The impact of green space on urban building energy consumption is mainly realized by its cooling and shading effects. The cooling effect of green space alleviates the well-known urban heat island (UHI) phenomenon [12,13,14]. Numerous studies have shown that the configuration of urban green spaces indirectly affects microclimate by influencing urban ecology and reducing the urban heat island effect [15,16,17,18,19]. Previous studies show that building energy consumption carbon emission (BECCE) is closely related to the building itself, the surrounding natural environment, and the socioeconomic context [20]. The natural environment includes regional climate and microclimate. The effect of microclimate on BECCE is approximately 10%. However, microclimate can easily be controlled and modified.
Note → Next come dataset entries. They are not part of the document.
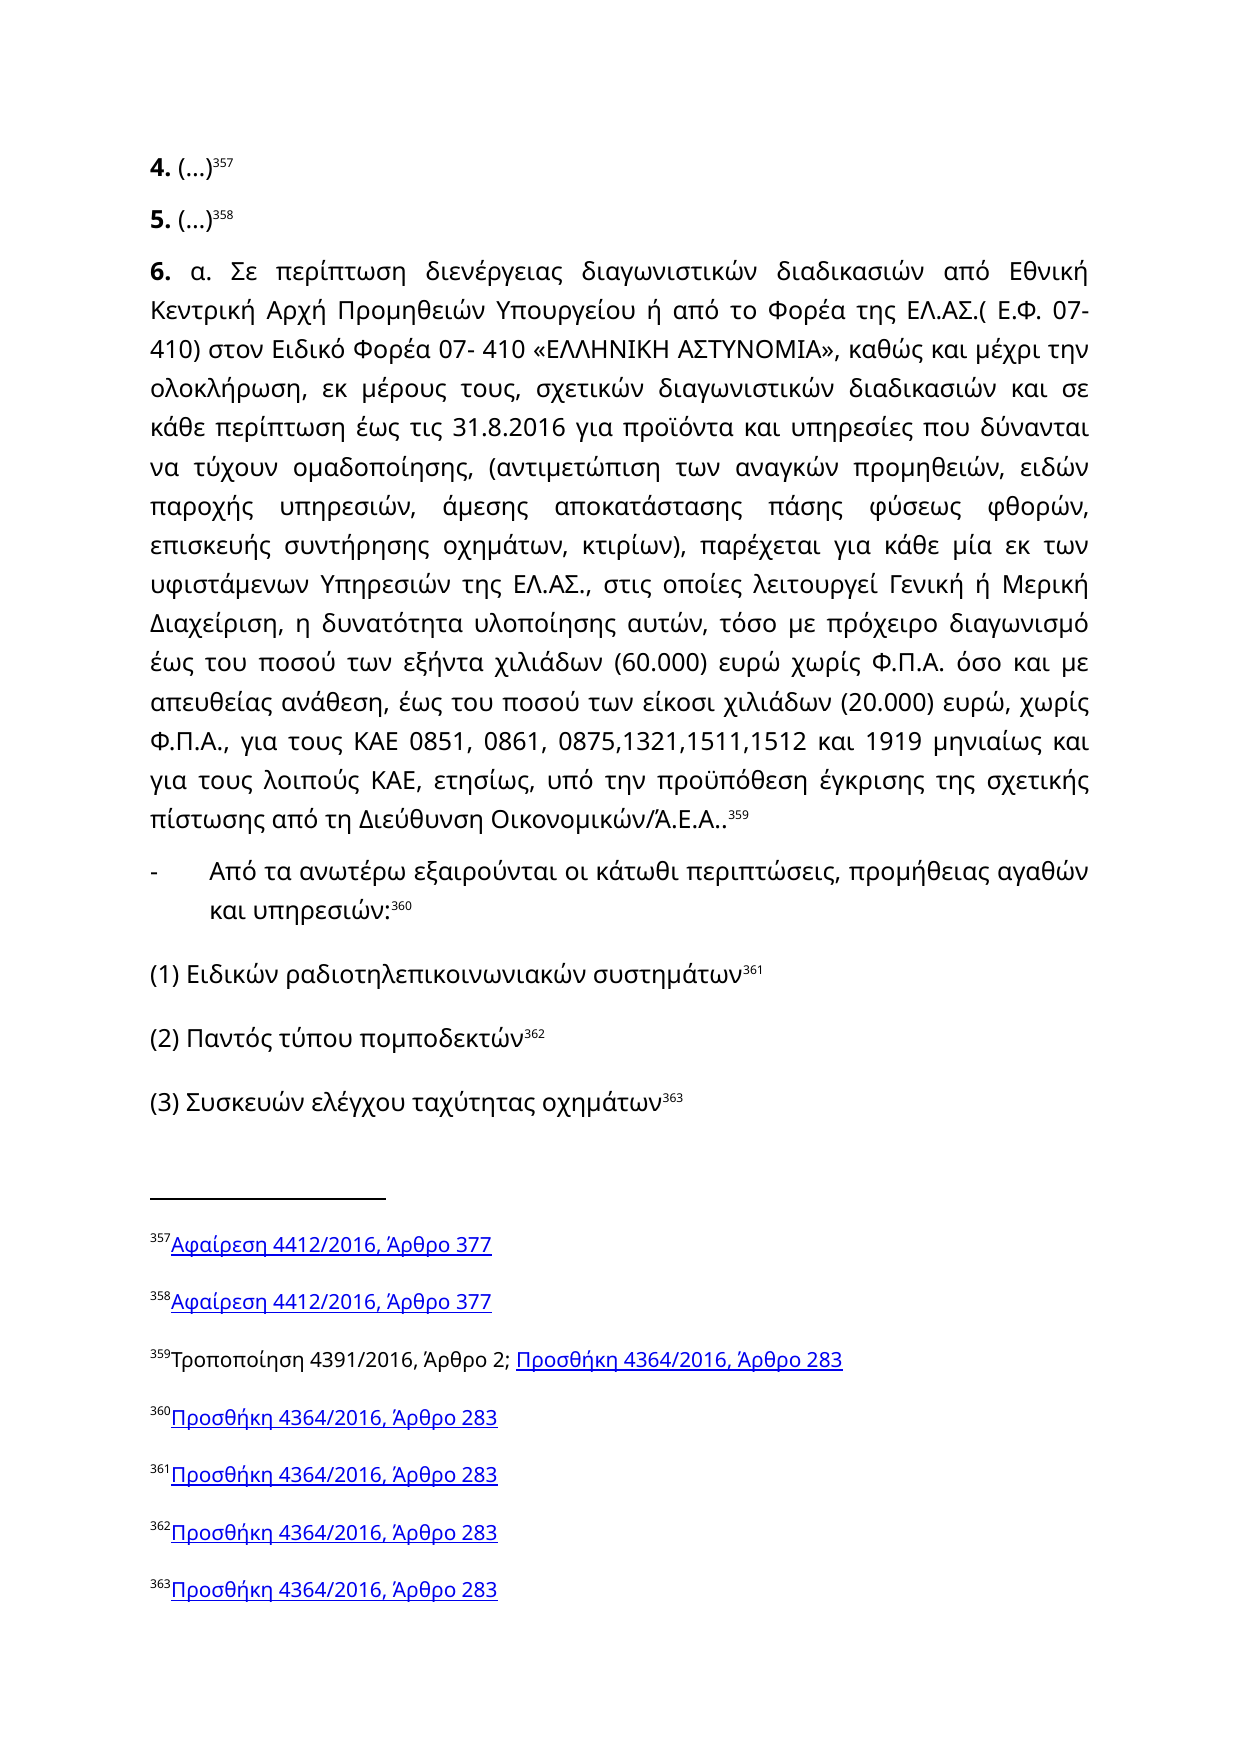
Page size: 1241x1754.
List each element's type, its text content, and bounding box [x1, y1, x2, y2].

text Αφαίρεση 4412/2016, Άρθρο 377 [150, 1287, 1090, 1316]
text (2) Παντός τύπου πομποδεκτών [150, 1021, 1090, 1055]
text Προσθήκη 4364/2016, Άρθρο 283 [150, 1403, 1090, 1431]
text Αφαίρεση 4412/2016, Άρθρο 377 [150, 1230, 1090, 1258]
list - Από τα ανωτέρω εξαιρούνται οι κάτωθι περιπτώσεις, προμήθειας αγαθών και υπηρεσιών: [150, 853, 1090, 927]
text (1) Ειδικών ραδιοτηλεπικοινωνιακών συστημάτων [150, 957, 1090, 991]
text (3) Συσκευών ελέγχου ταχύτητας οχημάτων [150, 1085, 1090, 1119]
text 4. (…) [150, 150, 1090, 184]
text Τροποποίηση 4391/2016, Άρθρο 2; Προσθήκη 4364/2016, Άρθρο 283 [150, 1345, 1090, 1373]
text Προσθήκη 4364/2016, Άρθρο 283 [150, 1576, 1090, 1604]
text Προσθήκη 4364/2016, Άρθρο 283 [150, 1518, 1090, 1546]
text Προσθήκη 4364/2016, Άρθρο 283 [150, 1460, 1090, 1489]
text 5. (…) [150, 202, 1090, 236]
text 6. α. Σε περίπτωση διενέργειας διαγωνιστικών διαδικασιών από Εθνική Κεντρική Αρχή Προμηθειών Υπουργείου ή από το Φορέα της ΕΛ.ΑΣ.( Ε.Φ. 07-410) στον Ειδικό Φορέα 07- 410 «ΕΛΛΗΝΙΚΗ ΑΣΤΥΝΟΜΙΑ», καθώς και μέχρι την ολοκλήρωση, εκ μέρους τους, σχετικών διαγωνιστικών διαδικασιών και σε κάθε περίπτωση έως τις 31.8.2016 για προϊόντα και υπηρεσίες που δύνανται να τύχουν ομαδοποίησης, (αντιμετώπιση των αναγκών προμηθειών, ειδών παροχής υπηρεσιών, άμεσης αποκατάστασης πάσης φύσεως φθορών, επισκευής συντήρησης οχημάτων, κτιρίων), παρέχεται για κάθε μία εκ των υφιστάμενων Υπηρεσιών της ΕΛ.ΑΣ., στις οποίες λειτουργεί Γενική ή Μερική Διαχείριση, η δυνατότητα υλοποίησης αυτών, τόσο με πρόχειρο διαγωνισμό έως του ποσού των εξήντα χιλιάδων (60.000) ευρώ χωρίς Φ.Π.Α. όσο και με απευθείας ανάθεση, έως του ποσού των είκοσι χιλιάδων (20.000) ευρώ, χωρίς Φ.Π.Α., για τους ΚΑΕ 0851, 0861, 0875,1321,1511,1512 και 1919 μηνιαίως και για τους λοιπούς ΚΑΕ, ετησίως, υπό την προϋπόθεση έγκρισης της σχετικής πίστωσης από τη Διεύθυνση Οικονομικών/Ά.Ε.Α.. [150, 253, 1090, 836]
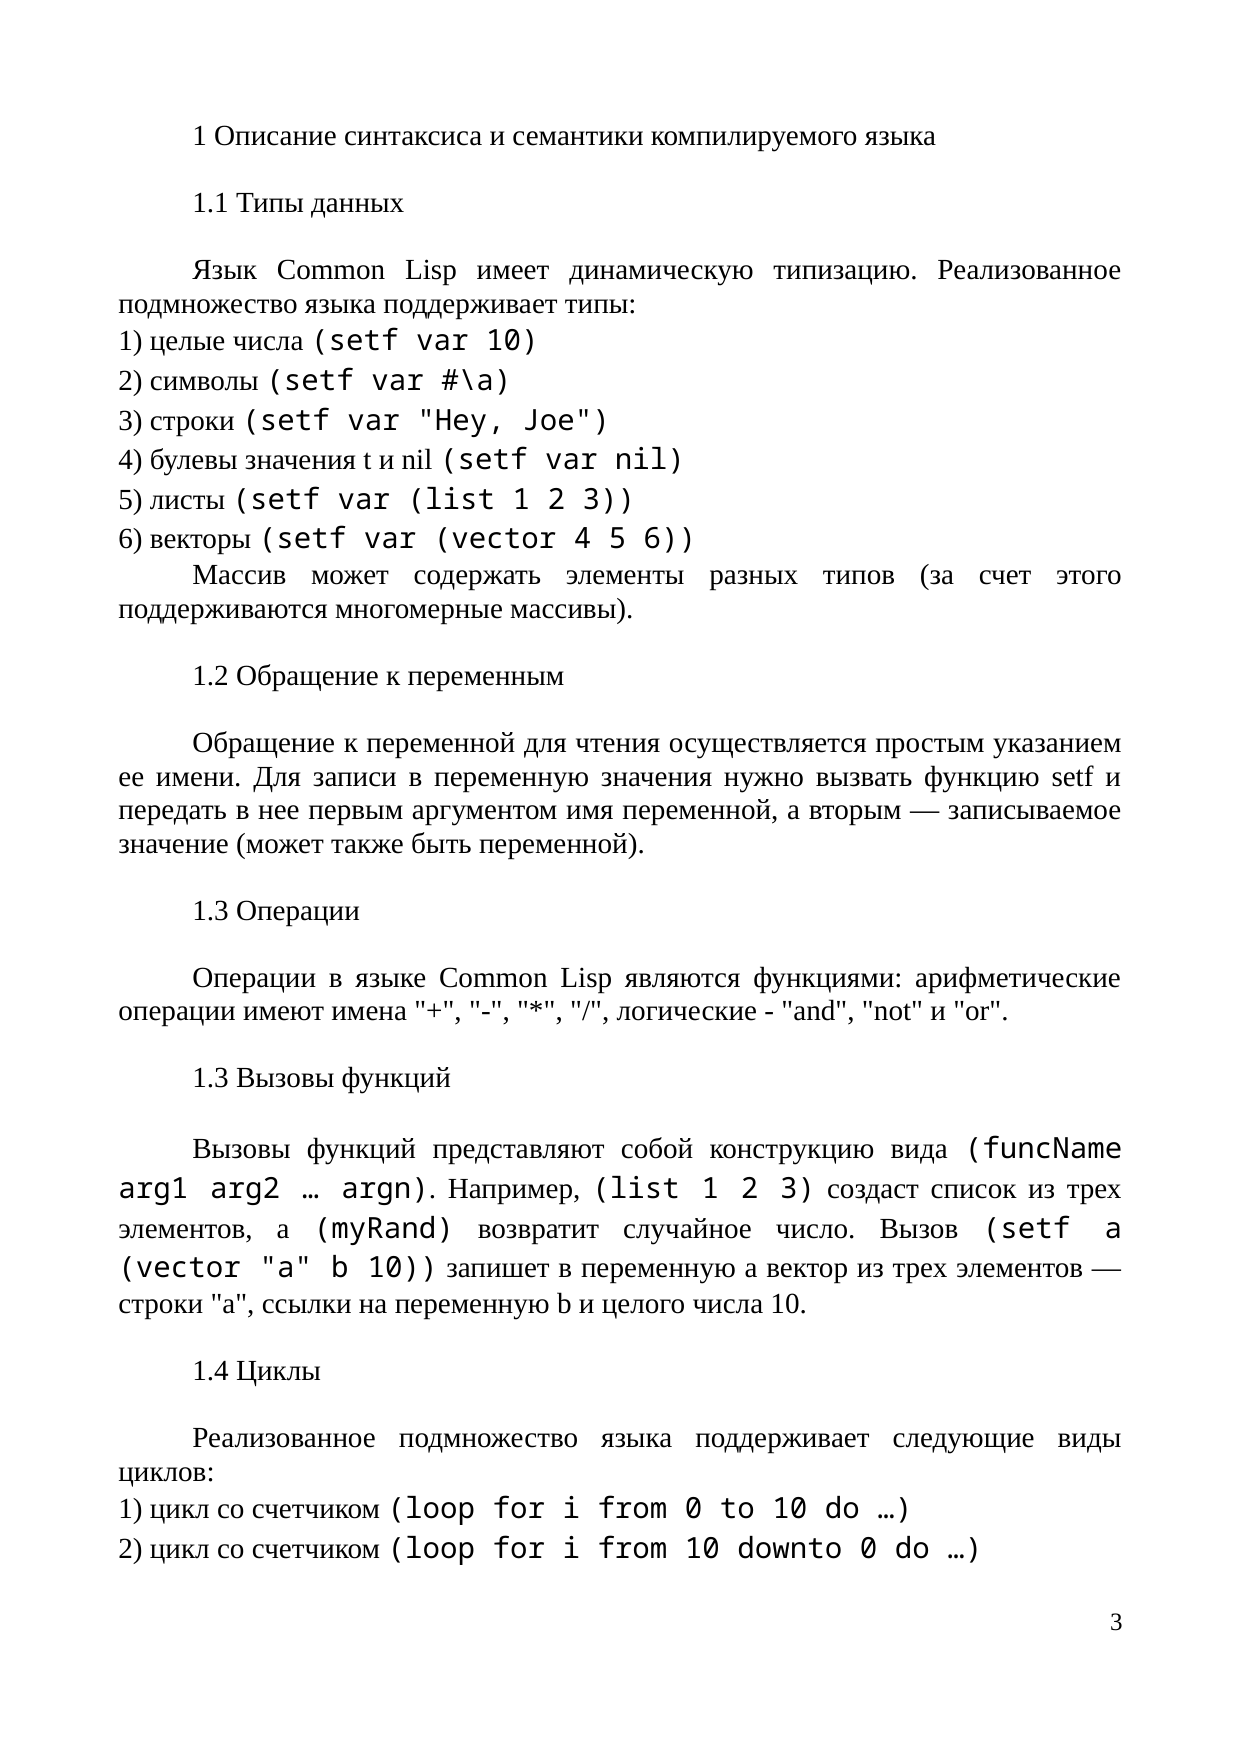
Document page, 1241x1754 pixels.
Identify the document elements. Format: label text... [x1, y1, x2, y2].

subtitle 1.4 Циклы [118, 1353, 1122, 1387]
text 6) векторы (setf var (vector 4 5 6)) [118, 518, 1122, 557]
text Язык Common Lisp имеет динамическую типизацию. Реализованное подмножество языка поддерживает типы: [118, 252, 1122, 319]
subtitle 1.1 Типы данных [118, 185, 1122, 219]
subtitle 1.2 Обращение к переменным [118, 658, 1122, 692]
subtitle 1 Описание синтаксиса и семантики компилируемого языка [118, 118, 1122, 152]
text Вызовы функций представляют собой конструкцию вида (funcName arg1 arg2 … argn). Например, (list 1 2 3) создаст список из трех элементов, а (myRand) возвратит случайное число. Вызов (setf a (vector "a" b 10)) запишет в переменную a вектор из трех элементов — строки "a", ссылки на переменную b и целого числа 10. [118, 1128, 1122, 1320]
text 3) строки (setf var "Hey, Joe") [118, 399, 1122, 438]
text 1) целые числа (setf var 10) [118, 319, 1122, 359]
text 4) булевы значения t и nil (setf var nil) [118, 438, 1122, 478]
subtitle 1.3 Вызовы функций [118, 1061, 1122, 1094]
text Обращение к переменной для чтения осуществляется простым указанием ее имени. Для записи в переменную значения нужно вызвать функцию setf и передать в нее первым аргументом имя переменной, а вторым — записываемое значение (может также быть переменной). [118, 725, 1122, 859]
text 2) цикл со счетчиком (loop for i from 10 downto 0 do …) [118, 1527, 1122, 1567]
text 5) листы (setf var (list 1 2 3)) [118, 478, 1122, 518]
text Массив может содержать элементы разных типов (за счет этого поддерживаются многомерные массивы). [118, 557, 1122, 624]
text 2) символы (setf var #\a) [118, 359, 1122, 399]
subtitle 1.3 Операции [118, 893, 1122, 926]
text Операции в языке Common Lisp являются функциями: арифметические операции имеют имена "+", "-", "*", "/", логические - "and", "not" и "or". [118, 960, 1122, 1027]
text 1) цикл со счетчиком (loop for i from 0 to 10 do …) [118, 1488, 1122, 1527]
text Реализованное подмножество языка поддерживает следующие виды циклов: [118, 1421, 1122, 1488]

Therefore, microclimate improvement is an integral part of reducing BECCE [21,22].

There are few studies on the effective distance of green space for BECCE and optimal configuration of green space, and research on this topic will contribute to the development of low-carbon cities. Some attempts have been made to explore the relationship between carbon emissions and drivers through linear regression, machine learning, and spatial analysis. For example, Shen et al. [23] established a partial least squares (PLS) model to identify the crucial effects and pathways affecting carbon emissions. Some machine learning algorithms such as Random Forest have been successfully applied to estimate population, which is relevant to carbon emissions [24]. Xu et al. [25] used geographical detector model (GDM) to explore the driving forces of carbon dioxide emissions in China’s cities. We examined the office buildings of the People’s Bank of China in 59 cities across China. Each building was placed in the center of a grid; buffer zones were drawn around the building; 20 buffer zones extended across a total of 1 km along each direction of the x and y axes of the grid. A green space compactness index was developed to characterize the microclimate in the buffer zones. Partial least squares regression, random forest and geographical detection models were constructed using seven factors influencing building emissions to explore the contribution of GSC to BECCE for different buffer distances. We identified the buffer distances that are the most effective for the emission reductions, examined the spatial heterogeneity of BECCE across China, and suggested strategies to optimize green space configuration for emission reduction.

2. Data

2.1. Remote Sensing Data

The green space data used in this study are based on the world’s first 10 m resolution global surface cover product—FROM-GLC10, which was developed by the Gong Peng research group [26].

2.2. Socioeconomic Data

In this study, we used the data from 59 office buildings of the People’s Bank of China. They were public buildings in 59 cities across the country. These buildings belong to different cities, but they serve the same function. Gross Domestic Product per person (GRP) and education spending (ES) for each building were obtained from 2018 yearly statistical book of the city (http://www.stats.gov.cn/tjsj/ndsj/2018/indexch.htm, accessed on 24 March 2022).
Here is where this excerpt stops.